I’m ready to launch Song of All Songs on August 28. I’m ready to tell you a story I believe in.

 

 

Experiencing Racism

Somebody on Twitter asked: “Have you ever experienced racism? Tell us your story.”

There are two ways to experience racism: As a victim and as a beneficiary. I have experienced racism as a beneficiary. It’s called “white privilege.”

And the more I observe the victims of racism, the more undeserving I feel of its benefits.

I am no more deserving than my black brothers and sisters of being able to walk (or jog) down the street without being harassed.

I am no more deserving than black Americans to feel only mildly annoyed when a cop pulls me over on the highways or city streets.

I am no more deserving than they are of living in a comfortable home in a “safe” neighborhood.

I am no more deserving than they are of being able to watch birds in a city park without others feeling threatened by my presence.

It’s been said that America will never truly rise to greatness until we undergo the genuine soul-searching and structural realignments demanded by “truth and reconciliation.” This week I’ve seen a lot of people encountering some big truths about America and who we have been (and still are) as a racially divided nation. There’s a lot more to come. And the reconciliation will never come without uncovering all of the shameful truths about our nation’s history and about how I and others like me have benefitted while others suffered.

It’s time.

You might also want to read my previous post, “This is Not a White Country.” Or this broader take on the notion of “Privilege.

1960s Déjà Vu

A protester carries a U.S. flag upside, a sign of distress, next to a burning building Thursday, May 28, 2020, in Minneapolis. Protests over the death of George Floyd, a black man who died in police custody Monday, broke out in Minneapolis for a third straight night. (AP Photo/Julio Cortez)

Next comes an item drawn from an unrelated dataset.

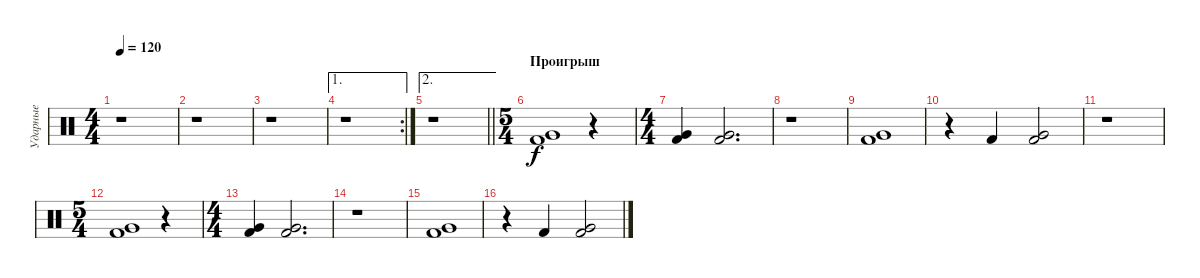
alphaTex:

I got up this morning experiencing a sense of déjà vu that sent me looking for my bound volume of all the campus newspapers from my senior year in college—1969-1970. I was editor-in-chief that year, so there’s a lot of me on those pages, from editorial decisions about what got covered and what went on the front page to editorial statements (many, in retrospect, rather outrageous!) about everything that was going on that year.

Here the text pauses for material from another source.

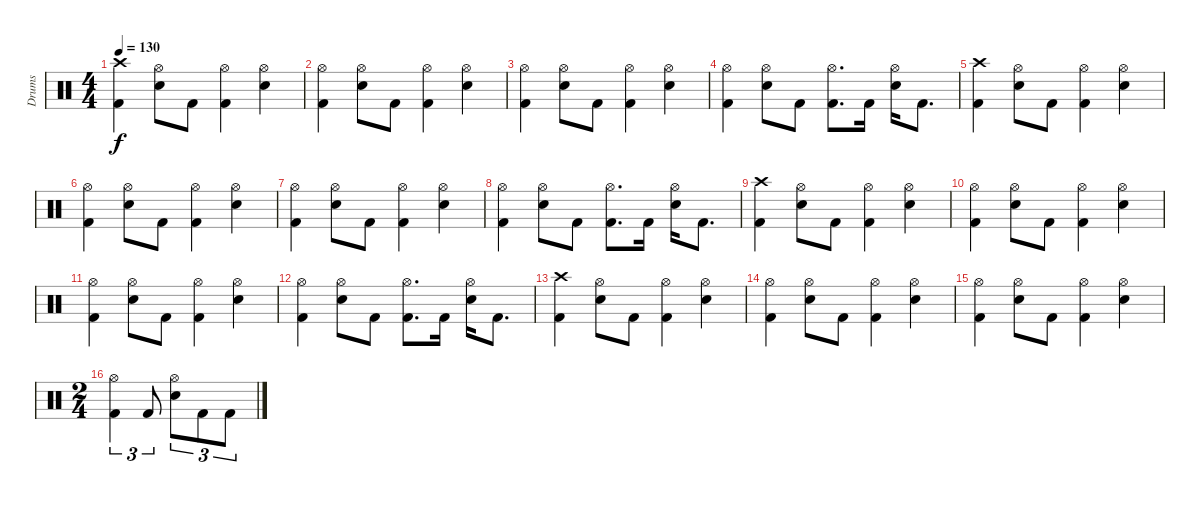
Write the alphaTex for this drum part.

There was a lot going on. There was a Moratorium declared in opposition to the Vietnam War. On December 2, 1969, there was the infamous draft lottery. We put out a special issue on the environment in March of 1970. There was also the Texas Pop Festival and skinny dippers in Turtle Creek. But I think what prompted my déjà vu was the memory of our black students’ association (yes, we had one at SMU) and the list of demands they drew up and how meticulously we tried to cover them in the student newspaper. We got criticism for that.

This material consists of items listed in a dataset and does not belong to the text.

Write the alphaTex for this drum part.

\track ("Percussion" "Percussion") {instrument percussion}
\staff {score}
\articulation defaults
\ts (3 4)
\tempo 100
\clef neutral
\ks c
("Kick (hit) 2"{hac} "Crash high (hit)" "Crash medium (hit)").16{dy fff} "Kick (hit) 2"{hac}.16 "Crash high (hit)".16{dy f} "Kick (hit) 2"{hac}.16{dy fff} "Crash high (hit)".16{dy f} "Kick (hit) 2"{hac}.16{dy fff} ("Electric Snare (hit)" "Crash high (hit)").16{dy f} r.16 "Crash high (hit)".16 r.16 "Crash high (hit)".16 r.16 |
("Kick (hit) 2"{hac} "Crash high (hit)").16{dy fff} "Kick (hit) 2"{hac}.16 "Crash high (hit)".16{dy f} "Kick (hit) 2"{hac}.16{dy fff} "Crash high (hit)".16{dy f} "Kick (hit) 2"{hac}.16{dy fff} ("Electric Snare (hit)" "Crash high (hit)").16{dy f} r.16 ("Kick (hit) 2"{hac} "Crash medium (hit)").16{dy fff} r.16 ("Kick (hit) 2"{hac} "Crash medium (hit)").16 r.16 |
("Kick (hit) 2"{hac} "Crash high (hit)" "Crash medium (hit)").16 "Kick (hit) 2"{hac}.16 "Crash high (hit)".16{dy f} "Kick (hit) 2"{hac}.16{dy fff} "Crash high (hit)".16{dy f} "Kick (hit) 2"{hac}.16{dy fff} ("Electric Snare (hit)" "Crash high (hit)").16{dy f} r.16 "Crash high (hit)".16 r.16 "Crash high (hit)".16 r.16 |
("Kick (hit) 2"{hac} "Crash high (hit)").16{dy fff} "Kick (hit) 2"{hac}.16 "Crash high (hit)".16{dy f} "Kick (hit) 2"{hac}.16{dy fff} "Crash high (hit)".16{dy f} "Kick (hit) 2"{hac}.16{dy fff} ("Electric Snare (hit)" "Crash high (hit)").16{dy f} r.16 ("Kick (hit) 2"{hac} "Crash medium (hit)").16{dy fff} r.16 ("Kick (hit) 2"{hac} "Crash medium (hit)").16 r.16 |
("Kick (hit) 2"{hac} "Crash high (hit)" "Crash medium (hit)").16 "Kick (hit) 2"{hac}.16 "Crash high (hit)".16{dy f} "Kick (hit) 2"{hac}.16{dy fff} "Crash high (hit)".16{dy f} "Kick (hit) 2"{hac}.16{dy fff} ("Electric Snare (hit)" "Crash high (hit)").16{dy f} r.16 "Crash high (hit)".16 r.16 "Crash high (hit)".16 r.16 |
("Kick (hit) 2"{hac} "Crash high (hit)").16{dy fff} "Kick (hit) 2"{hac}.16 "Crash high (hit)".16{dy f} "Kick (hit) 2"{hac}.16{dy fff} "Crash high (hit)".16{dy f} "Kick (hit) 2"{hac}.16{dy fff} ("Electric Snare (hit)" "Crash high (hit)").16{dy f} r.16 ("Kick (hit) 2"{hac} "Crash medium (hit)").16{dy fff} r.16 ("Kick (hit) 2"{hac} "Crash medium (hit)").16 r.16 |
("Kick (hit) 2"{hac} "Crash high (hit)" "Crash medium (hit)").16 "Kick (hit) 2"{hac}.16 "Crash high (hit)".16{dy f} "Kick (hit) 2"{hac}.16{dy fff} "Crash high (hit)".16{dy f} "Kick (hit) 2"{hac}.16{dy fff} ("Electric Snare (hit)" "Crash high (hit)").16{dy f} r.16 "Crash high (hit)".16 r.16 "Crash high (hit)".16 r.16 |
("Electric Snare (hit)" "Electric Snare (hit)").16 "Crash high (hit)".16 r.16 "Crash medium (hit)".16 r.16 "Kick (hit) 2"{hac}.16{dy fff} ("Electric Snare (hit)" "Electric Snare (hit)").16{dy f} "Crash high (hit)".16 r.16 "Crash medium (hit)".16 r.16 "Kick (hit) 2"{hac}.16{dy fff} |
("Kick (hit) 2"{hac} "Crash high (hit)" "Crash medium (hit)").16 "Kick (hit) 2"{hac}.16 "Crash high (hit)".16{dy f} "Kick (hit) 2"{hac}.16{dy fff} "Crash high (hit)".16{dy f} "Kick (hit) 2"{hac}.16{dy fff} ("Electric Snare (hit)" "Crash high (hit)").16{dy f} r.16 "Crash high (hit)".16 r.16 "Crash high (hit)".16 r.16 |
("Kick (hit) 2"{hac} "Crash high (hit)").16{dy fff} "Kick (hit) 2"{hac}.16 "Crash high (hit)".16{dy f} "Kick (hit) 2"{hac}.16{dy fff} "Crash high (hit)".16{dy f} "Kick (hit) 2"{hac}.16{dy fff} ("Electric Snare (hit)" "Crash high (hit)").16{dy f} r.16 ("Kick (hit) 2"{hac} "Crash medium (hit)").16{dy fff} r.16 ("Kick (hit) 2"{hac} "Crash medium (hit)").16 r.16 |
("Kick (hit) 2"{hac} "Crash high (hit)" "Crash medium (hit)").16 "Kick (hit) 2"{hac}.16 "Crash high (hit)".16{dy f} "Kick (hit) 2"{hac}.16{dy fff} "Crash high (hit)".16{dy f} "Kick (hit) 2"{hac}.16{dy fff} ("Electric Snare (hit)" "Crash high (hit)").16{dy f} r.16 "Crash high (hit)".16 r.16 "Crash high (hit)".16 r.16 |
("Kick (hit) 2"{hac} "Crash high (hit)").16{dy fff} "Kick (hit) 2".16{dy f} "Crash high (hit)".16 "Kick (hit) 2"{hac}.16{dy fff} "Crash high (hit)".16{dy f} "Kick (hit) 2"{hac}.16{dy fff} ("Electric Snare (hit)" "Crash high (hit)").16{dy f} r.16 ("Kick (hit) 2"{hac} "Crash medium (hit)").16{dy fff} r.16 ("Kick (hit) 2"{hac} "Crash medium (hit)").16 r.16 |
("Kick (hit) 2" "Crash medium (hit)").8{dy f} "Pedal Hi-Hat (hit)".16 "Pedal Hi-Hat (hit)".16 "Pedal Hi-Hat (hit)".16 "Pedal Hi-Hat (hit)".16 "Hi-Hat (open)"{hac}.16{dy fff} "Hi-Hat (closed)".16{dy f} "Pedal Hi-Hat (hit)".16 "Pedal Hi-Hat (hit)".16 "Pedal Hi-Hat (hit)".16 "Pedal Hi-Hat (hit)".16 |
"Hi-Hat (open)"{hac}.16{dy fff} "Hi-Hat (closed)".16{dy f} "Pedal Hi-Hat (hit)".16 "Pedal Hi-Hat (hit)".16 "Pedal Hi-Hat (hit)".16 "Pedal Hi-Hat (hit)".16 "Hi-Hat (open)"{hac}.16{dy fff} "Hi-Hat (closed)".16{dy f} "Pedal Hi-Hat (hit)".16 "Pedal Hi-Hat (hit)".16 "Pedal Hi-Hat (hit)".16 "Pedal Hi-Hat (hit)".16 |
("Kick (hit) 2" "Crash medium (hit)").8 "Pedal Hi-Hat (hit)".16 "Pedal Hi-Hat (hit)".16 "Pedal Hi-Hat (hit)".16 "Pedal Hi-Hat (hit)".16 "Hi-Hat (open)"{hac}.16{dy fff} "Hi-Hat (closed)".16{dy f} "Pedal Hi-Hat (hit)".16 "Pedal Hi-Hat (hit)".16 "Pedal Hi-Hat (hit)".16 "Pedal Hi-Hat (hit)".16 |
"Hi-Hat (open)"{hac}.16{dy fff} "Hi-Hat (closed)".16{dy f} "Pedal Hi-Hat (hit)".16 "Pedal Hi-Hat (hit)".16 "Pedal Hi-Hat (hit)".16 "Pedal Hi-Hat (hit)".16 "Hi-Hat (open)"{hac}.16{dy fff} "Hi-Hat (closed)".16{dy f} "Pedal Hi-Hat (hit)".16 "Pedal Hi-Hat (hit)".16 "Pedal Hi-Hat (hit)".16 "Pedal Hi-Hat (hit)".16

The previous year, in May of 1968, I had submitted a term paper in which I cited numerous political theorists and a few black activists. The paper concluded that white America had long since declared war on black Americans and that black people had every right to fight back, including with violence. I quoted extensively from James Baldwin and even included one citation of Stokely Carmichael’s writings.

There had been repeated riots through the 1960s. We may have thought that the Civil Rights Act and school integration and a few other achievements would fix things. More recently, we may have thought that having a black President would fix things.

Nothing has been fixed. The past decade has seen a vicious resurgence of (never dormant) white supremacy with its constant toxic handmaiden, white privilege. And black people and other people of color have had enough. The current pandemic has revealed the deadly extent of existing economic and healthcare inequalities. The murder of George Floyd forced us to see what we haven’t wanted to see: The heritage of slavery and Jim Crow are with us still.

When people time after time are pushed to the brink, when they ask for and then beg for and then demand change and nothing changes, eventually something explodes.

When it’s a gas fire, you don’t just spray water. You turn off the gas. And until we address the very real structural inequalities that exist within our society, we’re going to keep having explosions. Maybe even some big ones.